**Task item:** Your copy should hold only the lines from the one holding "Screen dimensions: 1307x924" through the last line of the records below, both included, each exact and with no pictures.

**Material for this exercise:**
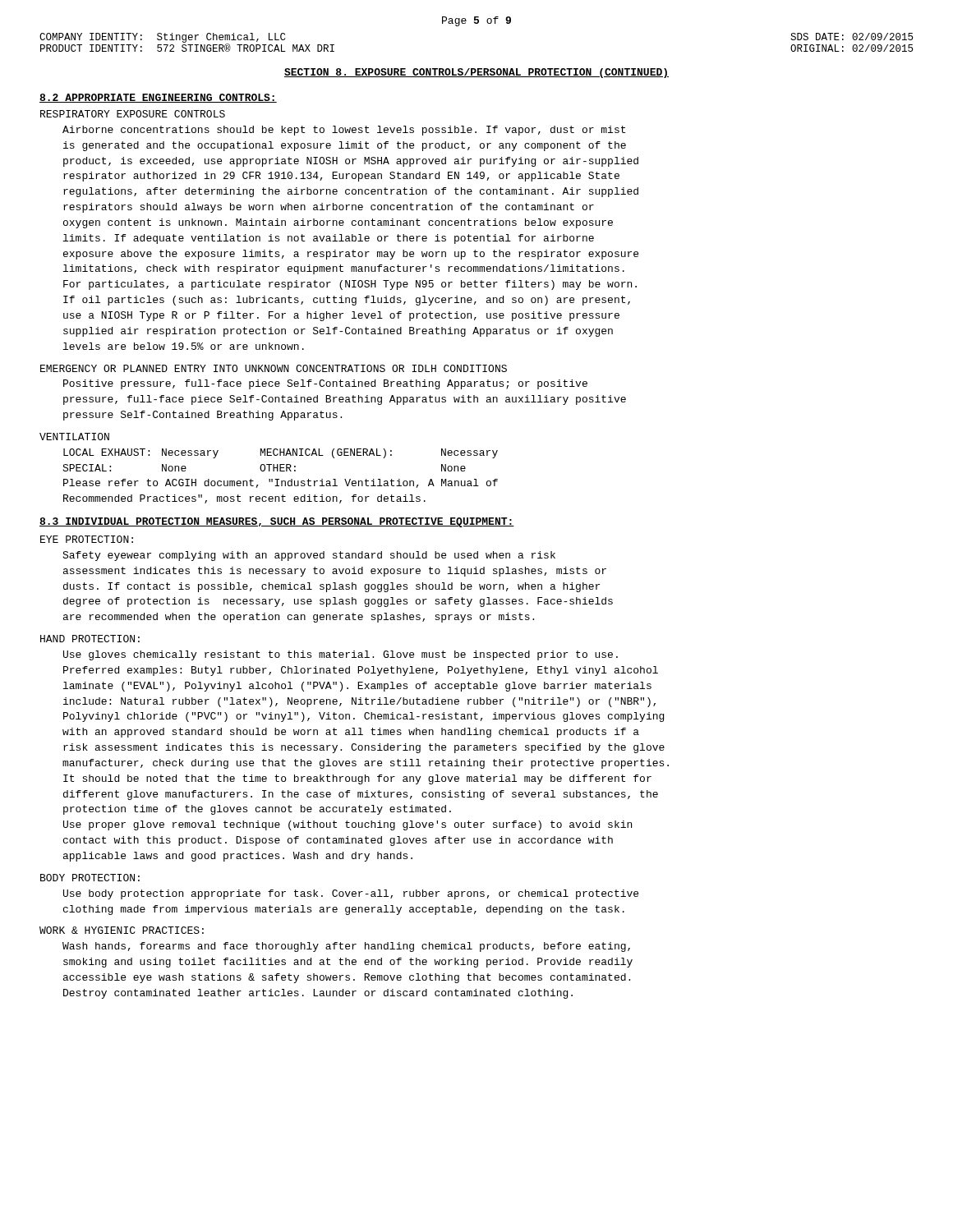
Task: Where is the passage that starts "EYE PROTECTION: Safety eyewear complying"?
Action: pos(476,580)
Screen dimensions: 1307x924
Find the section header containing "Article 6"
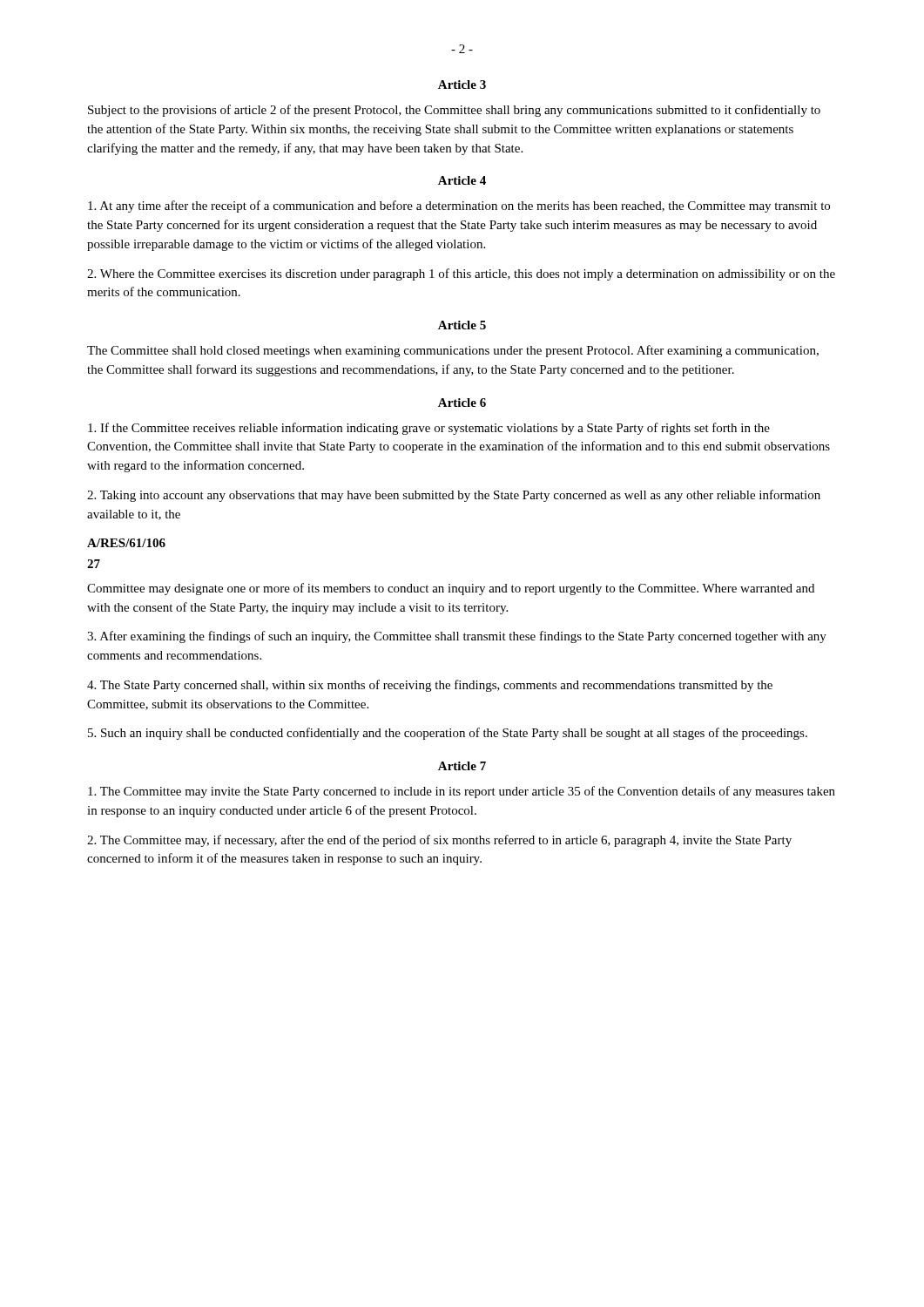coord(462,402)

**Task solution:**
Screen dimensions: 1307x924
Find the section header containing "Article 6"
coord(462,402)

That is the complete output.